Merujuk Penelitian Umi Masfiah (2012) tentang “Nilai-Nilai Toleransi dan Intoleransi dalam buku PAI di Kota Yogyakarta”.  Umi menemukan buku PAI Sekolah Dasar yang dicetak oleh lima 5 penerbit, ditemukan buku-buku tersebut takhanya mengajarkan nilai-nilai toleransi, tetapi mengandung ajaran  intoleransi.
Kejadian yang berulang-ulang menimbulkan pertanyaan pada lembaga Pusat Kurikulum dan perbukuan (Puskurbuk), dan Badan standardisasi Nasional Pendidikan (BSNP). Jika terjadi hanya satu kali bisa dikatakan wajar, mungkin mereka capai menyeleksi seluruh buku pelajaran. Padahal lembaga ini bertugas melakukan Standardisasi buku pendidikan. BSNP membagi buku pendidikan menjadi dua kelompok. Pertama buku teks pelajaran. Kedua buku non teks pelajaran.
Merujuk pada PP No. 32 Tahun 2013 tentang Standar Nasional Pendidikan, Pasal 1 ayat 23 berbunyi Buku teks pelajaran adalah sumber pembelajaran utama untuk mencapai Kompetensi Dasar dan Kompetensi Inti.
Peran guru
Penyebaran paham radikal tidak semata-mata melalui buku pelajaran agama. Namun guru ikut andil dalam penyembarannya karena guru dalam mengajar hanya mengacu pada teks buku saja. Kelihatannya guru agama hanya menekankan pada materi mengenai surga dan neraka. Mereka beranggapan pelajaran toleransi sudah termuat dalam buku Pendidikan Kewarganegaraan (PKn). Tak ayal sikap siswa kurang mencerminkan nilai-nilai agama dan kurang peduli pada perbedaan keyakinan.

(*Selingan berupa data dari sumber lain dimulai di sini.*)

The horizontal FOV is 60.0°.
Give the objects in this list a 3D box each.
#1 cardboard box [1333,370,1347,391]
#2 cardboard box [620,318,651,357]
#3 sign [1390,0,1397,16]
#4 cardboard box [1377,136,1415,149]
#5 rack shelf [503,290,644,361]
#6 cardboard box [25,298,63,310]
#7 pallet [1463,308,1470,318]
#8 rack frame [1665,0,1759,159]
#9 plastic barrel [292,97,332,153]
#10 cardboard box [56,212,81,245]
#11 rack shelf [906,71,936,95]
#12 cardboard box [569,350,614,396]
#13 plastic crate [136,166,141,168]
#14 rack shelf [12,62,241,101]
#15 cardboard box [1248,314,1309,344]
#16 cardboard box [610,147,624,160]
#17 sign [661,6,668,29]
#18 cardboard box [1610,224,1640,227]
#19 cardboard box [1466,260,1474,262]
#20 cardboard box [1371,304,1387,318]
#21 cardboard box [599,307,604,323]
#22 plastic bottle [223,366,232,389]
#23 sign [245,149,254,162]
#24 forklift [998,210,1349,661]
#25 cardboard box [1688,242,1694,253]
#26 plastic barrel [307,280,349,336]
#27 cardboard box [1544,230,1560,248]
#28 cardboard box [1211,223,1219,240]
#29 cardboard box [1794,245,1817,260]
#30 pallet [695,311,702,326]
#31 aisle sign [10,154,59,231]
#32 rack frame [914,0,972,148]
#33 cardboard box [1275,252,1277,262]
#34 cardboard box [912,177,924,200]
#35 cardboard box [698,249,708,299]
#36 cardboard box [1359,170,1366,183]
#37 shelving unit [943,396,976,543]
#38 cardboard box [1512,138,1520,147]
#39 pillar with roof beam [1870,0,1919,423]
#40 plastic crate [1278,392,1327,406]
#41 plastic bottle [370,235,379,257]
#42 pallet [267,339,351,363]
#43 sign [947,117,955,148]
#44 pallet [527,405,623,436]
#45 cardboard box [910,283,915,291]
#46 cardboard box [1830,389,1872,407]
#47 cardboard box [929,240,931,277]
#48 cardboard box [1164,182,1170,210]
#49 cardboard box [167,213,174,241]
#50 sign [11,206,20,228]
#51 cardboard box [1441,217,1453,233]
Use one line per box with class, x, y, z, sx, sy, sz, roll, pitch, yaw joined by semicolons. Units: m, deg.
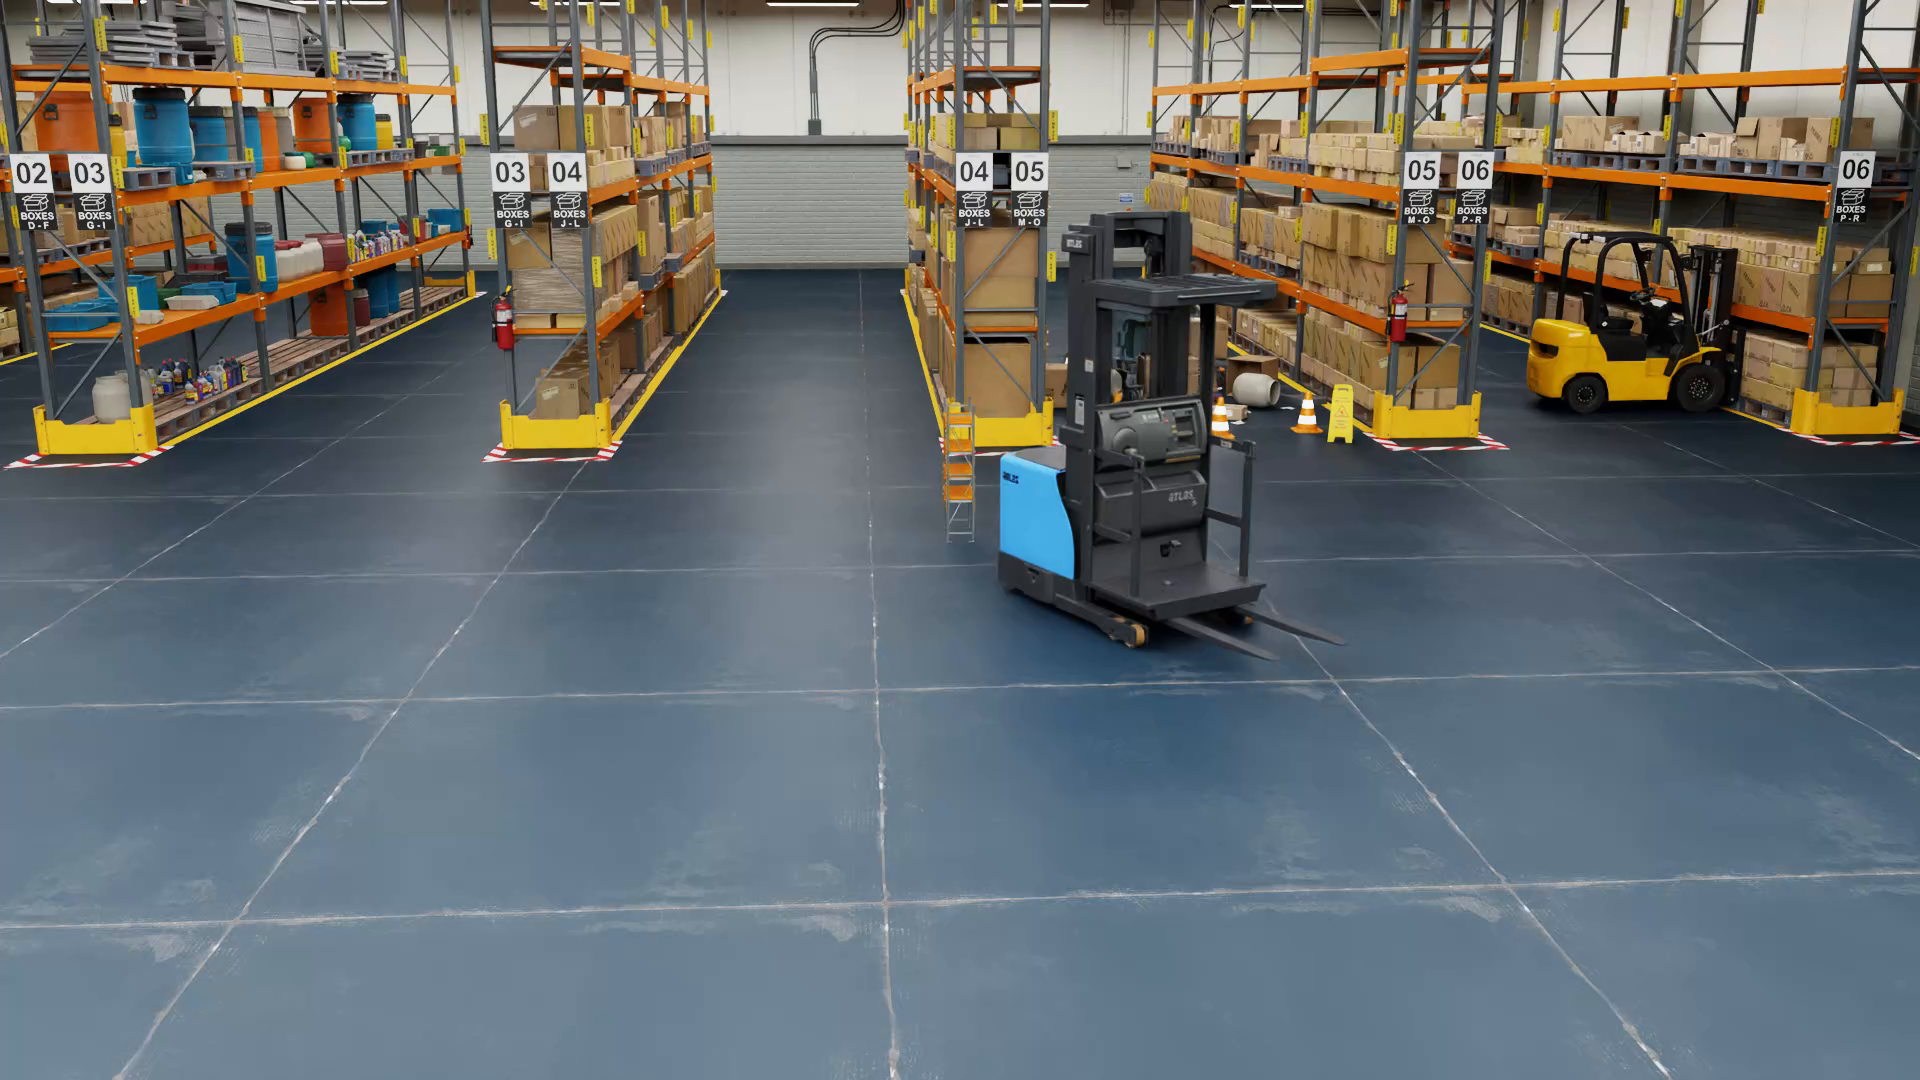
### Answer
cardboard box;5.004;-1.976;20.862;0.500;0.250;0.500;-1;14;-5
cardboard box;-4.816;-2.904;23.926;0.700;0.500;0.500;-2;15;-8
sign;5.680;-7.043;21.808;0.100;0.325;0.005;-1;14;-3
cardboard box;5.094;-4.637;19.413;0.380;0.149;0.250;-1;14;-3
rack shelf;-4.630;-2.645;20.229;1.077;0.370;4.000;-1;14;-3
cardboard box;-14.670;-3.583;26.567;0.500;0.500;0.500;-1;14;-5
pallet;9.684;-4.158;30.264;1.003;0.211;1.213;-1;14;-3
rack frame;10.091;-6.626;22.221;1.000;3.000;0.127;-1;14;-3
plastic barrel;-9.977;-6.414;25.711;0.600;0.830;0.708;-1;14;-3
cardboard box;-14.966;-5.141;27.445;0.700;0.500;0.500;-5;15;-18
rack shelf;-0.416;-8.584;31.280;1.077;0.370;4.000;-1;14;-3
cardboard box;-4.609;-2.088;20.794;0.500;0.500;0.500;-2;15;-8
plastic crate;-9.871;-4.367;19.886;0.336;0.188;0.450;-1;14;-3
rack shelf;-9.573;-5.280;19.234;1.077;0.370;4.000;-1;14;-3
cardboard box;4.968;-3.245;25.549;0.950;0.372;0.625;-1;14;-5
cardboard box;-4.375;-4.790;20.604;0.380;0.149;0.250;-1;14;-5
sign;-4.460;-7.892;25.107;0.100;0.325;0.005;-1;14;-3
cardboard box;10.172;-4.746;25.448;0.380;0.149;0.250;-1;14;-4
cardboard box;9.416;-5.004;30.231;0.380;0.149;0.250;-2;15;-6
cardboard box;5.022;-2.678;19.418;0.380;0.149;0.250;-1;14;-4
cardboard box;-4.282;-2.573;19.012;0.380;0.149;0.250;-1;14;-3
plastic bottle;-9.306;-2.068;21.113;0.061;0.283;0.133;0;14;0
sign;-9.147;-4.877;21.422;0.100;0.325;0.005;-1;14;-3
forklift;1.494;-0.799;11.748;1.130;2.935;3.031;-9;17;-30
cardboard box;9.910;-3.871;22.051;0.380;0.149;0.250;-1;14;-4
plastic barrel;-9.992;-3.682;26.331;0.600;0.830;0.708;-1;14;-3
cardboard box;9.602;-4.771;26.346;0.500;0.250;0.500;-1;14;-3
cardboard box;4.518;-5.179;27.931;0.500;0.250;0.500;-1;14;-5
cardboard box;10.060;-3.379;19.541;0.380;0.149;0.250;-1;14;-3
pallet;-5.126;-3.939;29.411;1.003;0.211;1.213;-1;14;-3
aisle sign;-9.741;-3.656;17.497;0.394;0.787;0.004;-1;14;-3
rack frame;-0.293;-8.437;29.257;1.000;3.000;0.127;-1;14;-3
cardboard box;4.781;-4.103;24.113;0.380;0.149;0.250;-1;14;-3
cardboard box;-0.629;-6.449;30.768;0.500;0.500;0.500;-1;14;-5
cardboard box;-5.266;-5.044;31.530;0.875;0.875;0.875;-1;14;-3
cardboard box;5.033;-4.383;20.025;0.380;0.149;0.250;-1;14;-5
shelving unit;-0.010;-0.622;14.537;0.258;1.200;0.503;-1;14;-3
cardboard box;9.528;-6.694;28.003;0.380;0.149;0.250;0;14;-2
pillar with roof beam;6.899;-5.752;18.823;9.100;9.000;0.400;-1;14;-3
plastic crate;4.416;-1.826;21.464;0.402;0.080;0.583;-6;16;-23
plastic bottle;-9.741;-4.882;27.580;0.144;0.351;0.185;-1;14;-3
pallet;-9.936;-2.865;25.238;1.003;0.211;1.213;-1;14;-3
sign;-0.091;-4.385;17.912;0.100;0.325;0.005;-1;14;-3
pallet;-4.525;-1.367;19.414;1.003;0.211;1.213;-1;14;-3
cardboard box;-0.801;-5.023;32.907;0.380;0.149;0.250;-1;14;-3
cardboard box;10.504;-1.723;19.878;0.500;0.250;0.500;-1;14;-3
cardboard box;-0.193;-4.093;24.215;0.500;0.500;0.500;-1;14;-4
cardboard box;4.250;-6.656;32.169;0.500;0.500;0.500;-1;14;-3
cardboard box;-14.993;-5.885;31.181;0.500;0.500;0.500;-1;14;-4
sign;-14.335;-4.903;25.240;0.100;0.325;0.005;-1;14;-3
cardboard box;9.321;-5.905;31.160;0.500;0.250;0.500;-1;14;-2

Pelajaran agama mengutamakan teori semata daripada praktek di lapangan dan kurang menyentuh realita kehidupan siswa. Jika siswa berbuat amoral, masyarakat akan memandang guru agama telah gagal. Lebih ironis lagi ketika siswa terlibat gerakan radikal. Pada hakekatnya pemahaman keagamaan tak hanya dibebankan pada guru saja, melainkan orang tua siswa, dan masyarakat sekitar.
Pelajaran agama di sekolah terkesan sekadar tambahan karena guru terkadang mengunakan metode ceramah, tanpa adanya interaksi dengan anak didik. Bahkan guru hadir semata-mata sebagai expert yang mahir mengajar, tetapi tidak berperan sebagai “Ayah/Ibu” bagi siswa-siswinya.
Di perparah lagipada sekolah-sekolah di bawah yayasan keagamaan, akan selalu menanamankan idiologi organisasi keagamaannya. Tak heran, jika siswa yang belajar di sekolah organisasi keagamaan yang memiliki paham Islam radikal, akan menjadikan siswa kurang toleran, bahkan akan memunculkan bibit-bibit radikal. Namun sebaliknya siswa yang belajar di sekolah organisasi keagamaan yang pola pikir moderat, maka menjadikan siswa lebih pandai menghargai perbedaan agama.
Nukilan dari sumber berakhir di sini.